Dras. Sandra Zirone1; Claudia Porri2
1
Médica Oncohematóloga. Sanatorio de Niños de Rosario
2
Médica Residente. Sanatorio de Niños
Rosario. Argentina
[email protected]
Resumen
Introducción: La Púrpura Trombocitopénica Inmune es
un trastorno hematológico de curso benigno. Se debe a
autoanticuerpos, usualmente IgG, dirigidos contra
antígenos de la membrana plaquetaria. La
trombocitopenia resulta de la fagocitosis de los
complejos plaqueta-anticuerpo por el sistema
reticuloendotelial. Su evolución es, en la mayoría de los
casos, autolimitada. Paciente y Método: Se evalúan 55
niños con diagnóstico de PTI, por un período de 10
años, 28 varones y 27 mujeres, los valores de plaquetas
al diagnóstico oscilaron entre 2000 y 120.000 por mm3
con una media de 40.000 por mm3 se consideraron
antecedentes previos, manifestaciones de sangrado, y
asociación con otras enfermedades. Resultados: Se
evaluaron los diferentes tratamientos instituidos. Del
total de los niños, el 75% resolvió la enfermedad (el 37%
lo hizo espontáneamente) y el 10% evolucionó a la
cronicidad. Conclusión: La tendencia actual, es no tratar
al paciente sin manifestaciones hemorrágicas
importantes, puesto que la evolución a largo plazo es
independiente del tratamiento administrado.
Abstract
Introduction: Immune thrombocytopenia purpura (ITP)
is a benign disorder; it is due to autoantibodies, usually
IgG, directed against platelet membrane antigens.
Thrombocytopenia results from phagocytosis of
antibody-coated platelets by reticuloendothelial system.
Its evolution is generally selflimited. Patiens and
Method: 55 children with ITP diagnosis were evaluated
during a 10 years period (28 boys and 27 girls); platelets
values oscillated between 2000-120000 (average
40000). Prior antecedents such as bleedings, and
association with other illnesses, were considered.
Results: Different treatments were evaluated. 75%
resolved the illness (37% was spontaneos) and 10%
became chronic. Conclusion: The current tendency
does not treat patients without important bleedings, for
the long-term evolution is not dependent on treatments.

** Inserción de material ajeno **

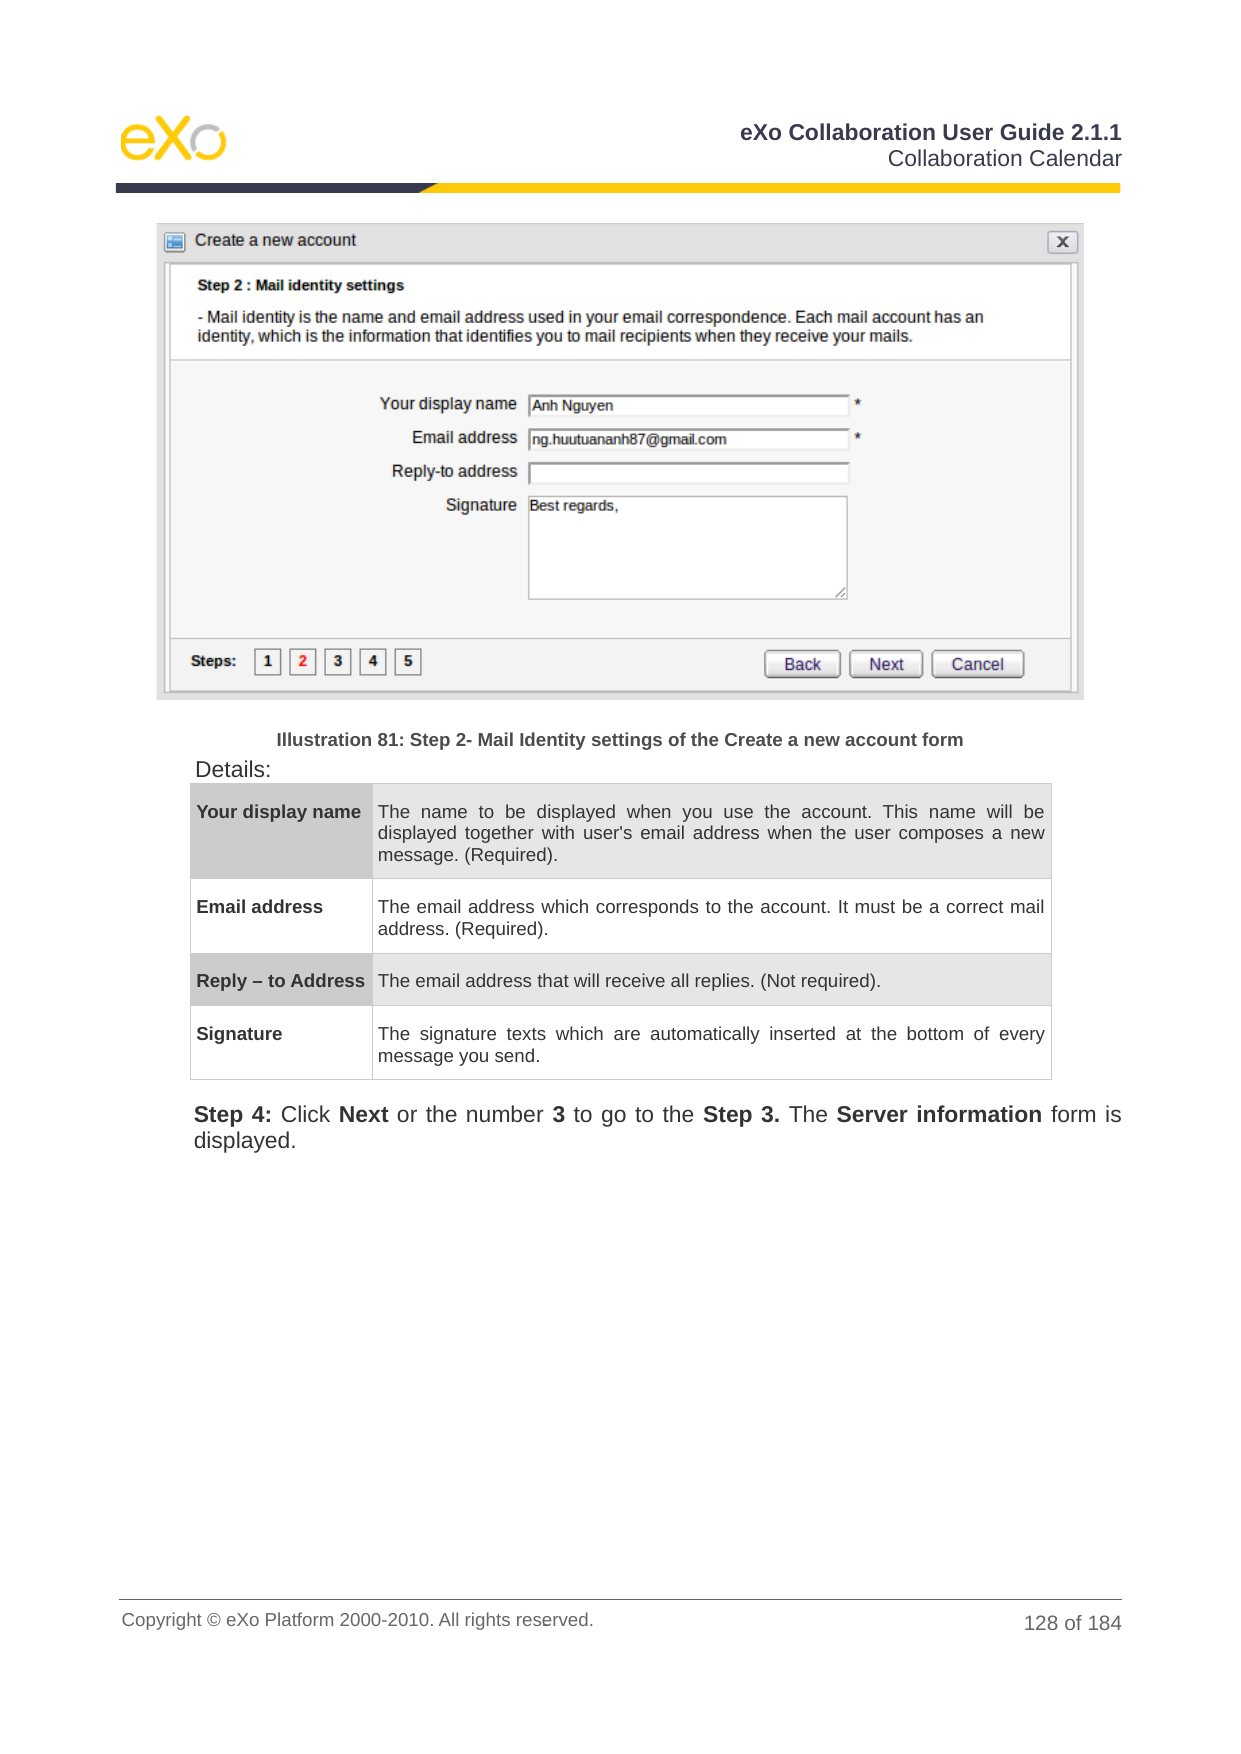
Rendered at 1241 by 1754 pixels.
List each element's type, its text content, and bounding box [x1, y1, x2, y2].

Key words: immune thrombocytopenia purpura
Palabras clave: púrpura trombocitopénica inmune
Introducción
La púrpura trombocitopénica inmune (PTi) es un
trastorno autoinmune. Se debe a autoanticuerpos,
usualmente IgG, dirigdos contra los antígenos de la
membrana plaquetaria (especialmente complejos
glicoproteicos IIb/IIIa). La trombocitopenia resulta de la
fagocitosis de los complejos plaqueta-anticuerpo por el
sistema reticuloendotelial, con el consecuente
descenso de plaquetas a valores inferiores a 150000,
estando los megacariocitos aumentados o normales en
médula ósea (1). El término idiopática es comúnmente
usado y apropiado, dado que las causas y los factores
predisponentes aún no quedan claros.
Su incidencia varía entre 4 y 8 casos por cada 100000
niños, por año. En pediatría, es generalmente benigna
de curso agudo y autolimitado con alto índice de
respuesta espontánea (80%) a los 6 meses del
diagnóstico (2). Cuando las cifras de plaquetas
persisten bajas (< 100000) por más de 6 meses a un
año, se denomina púrpura trombocitopénica crónica
(PTc), desde el punto de vista fisiopatológico estamos
frente a una “verdadera enfermedad autoinmune”. Las
formas recurrentes son aquellas que experimentan,
luego de períodos de normalidad, descenso en las cifras
de plaquetas, sin evolucionar a la cronicidad (4).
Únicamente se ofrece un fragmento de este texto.